I could look up the number of tags sold, but I am tired tonight! :mrgreen: 

Reason I am asking is with the new deer proposals and the talk of limiting the days afield and having the stick flippers choose thier area. There can't be more than what 12 or 13,000? Why the hell mess with you guys like that? I can't see why you shouldn't be able to have a statewide hunt, and a longer season than those of us who choose to use a rifle.

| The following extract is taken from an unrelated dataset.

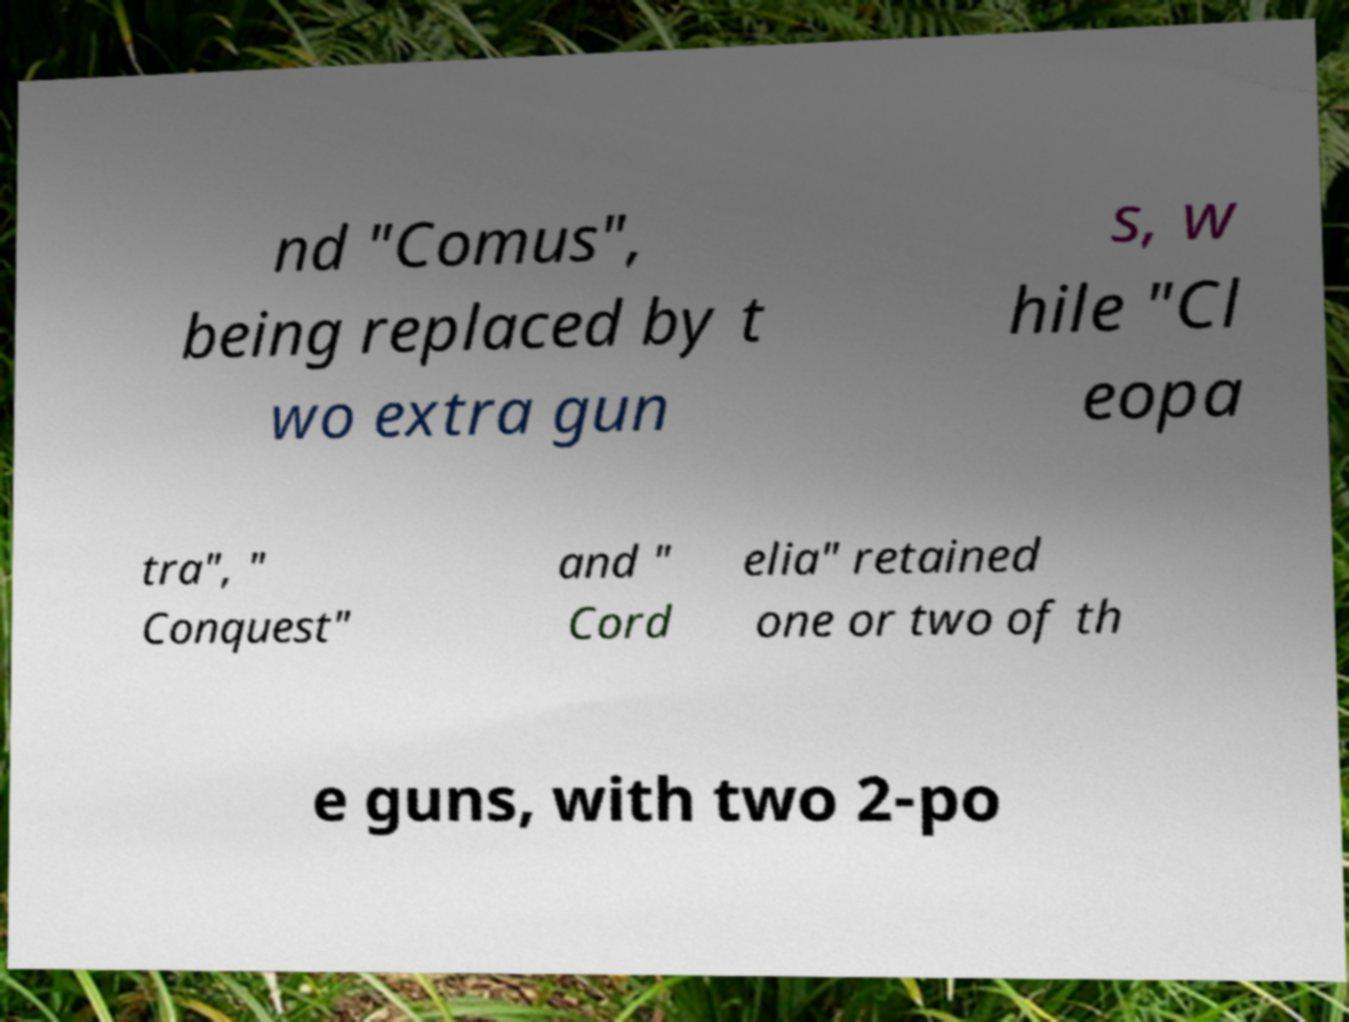I need the written content from this picture converted into text. Can you do that? nd "Comus", being replaced by t wo extra gun s, w hile "Cl eopa tra", " Conquest" and " Cord elia" retained one or two of th e guns, with two 2-po

I'm just trying to get a handle on all this stuff and it's giving me a headache! What is the point of limiting the archers in this way? -)O(- -)O(- -)O(-


----------



## alpinebowman (Sep 24, 2007)

its is giving the rest of us a headache also. I imagine there are probably at the most 7,000 hunters that only check the archery deer tag box. the rest are rifle hunters that couldn't draw a tag. The dedicated archers in the state should still get a tag. If they cut the days down like they want I bet some go unsold because the rifle guys will just wait for a rifle tag. currently they give 14,500 tags to the archers so that means we kill 2,600 (18% success) deer and since they all say that we wound one for every killed :roll: that makes it 5,200 deer. obviously the herd is in trouble because of us. the rifle and muzzy hunters 24,000 (30% success)they only kill and never wound is much better for the herd.


----------



## bullsnot (Aug 10, 2010)

It really is giving everyone a headache.

I spoke with my uncle yesterday about this and was shocked when he said that the archers need to be limited because they are wounding too many deer. He quoted posts on MM as his ammunition.

Did I mention my head hurts?


----------



## alpinebowman (Sep 24, 2007)

And if we don't all stand up to this at the end of the day on Dec. 2nd our other end is going to hurt more :shock:


----------



## jahan (Sep 7, 2007)

bullsnot said:


> It really is giving everyone a headache.
> 
> I spoke with my uncle yesterday about this and was shocked when he said that the archers need to be limited because they are wounding too many deer. He quoted posts on MM as his ammunition.
> 
> Did I mention my head hurts?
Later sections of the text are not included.